Двадцать лет назад, 1 марта 1995 года был убит Владислав Листьев, легендарный глава ОРТ (Первого канала). Евгений Ю. Додолев (автор книг «Влад Листьев. Пристрастный реквием» и «Лиsтьев. Поле чудес в стране дураков») вспоминает своего знаменитого коллегу в беседе с его былым наставником и соведущим Владимиром Мукусевым.
«СП»: — Когда в первый раз ты увидел Листьева? Как произошло ваше знакомство, и при каких обстоятельствах?
— Абсолютно не помню. «Взгляд» делался, особенно в последние несколько месяцев, в таком диком ритме… Было ясно, что предложенная мною формула, что «Взгляд» ведут он и она, и что живем мы в квартире и так далее, все это было отторгнуто. И я понимал, что появятся какие-то совершенно другие люди. Я их не знал, и уже внутренне немножко не любил. Не в том дело, что они были плохие. А в том дело, что сломалось то, к чему мы целый год готовились. Поэтому первой встречи с Владом я не помню, к сожалению.
А вот абсолютно ярко и четко помню — 12-й этаж, кабинет Эдуарда Михайловича Сагалаева. Только что прошел эфир. Я его смотрел из аппаратной. Меня приглашают наверх.
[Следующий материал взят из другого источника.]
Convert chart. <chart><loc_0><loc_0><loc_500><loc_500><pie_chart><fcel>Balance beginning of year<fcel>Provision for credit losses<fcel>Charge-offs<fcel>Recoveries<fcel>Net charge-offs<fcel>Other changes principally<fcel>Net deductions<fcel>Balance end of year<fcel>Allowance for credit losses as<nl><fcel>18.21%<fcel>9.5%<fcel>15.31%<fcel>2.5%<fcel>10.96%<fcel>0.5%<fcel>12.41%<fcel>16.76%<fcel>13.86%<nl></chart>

И я вхожу в тот момент, когда Влад произносит тост за меня.
И после этого я хорошо помню, что у меня изменилось отношение ко всей четверке. Ну, коль мой, так сказать, человек, который меня любит, ценит и, оказывается, такая длинная история у нас взаимоотношений, то, значит, и все остальные тоже нормально. А мы же год снимали, мы же год готовили, делали все, чтобы набить так называемый портвейн… Простите за оговорку. Портфель. Портфель этой самой редакции. Мы снимали материалы «в стол». Причем не лично я. Я-то как раз делал меньше всего, потому что каким-то образом руководил этим как главный выпускающий передачи. А ведь было приглашено туда как минимум два десятка блистательных журналистов и режиссеров, которые вот этот портфель наполняли. Все было сделано для того, чтоб передача, так сказать, «выстрелила». А она не сразу «выстрелила», потому что ребята, которые ее вели, не умели этого делать. Вообще ничего не умели.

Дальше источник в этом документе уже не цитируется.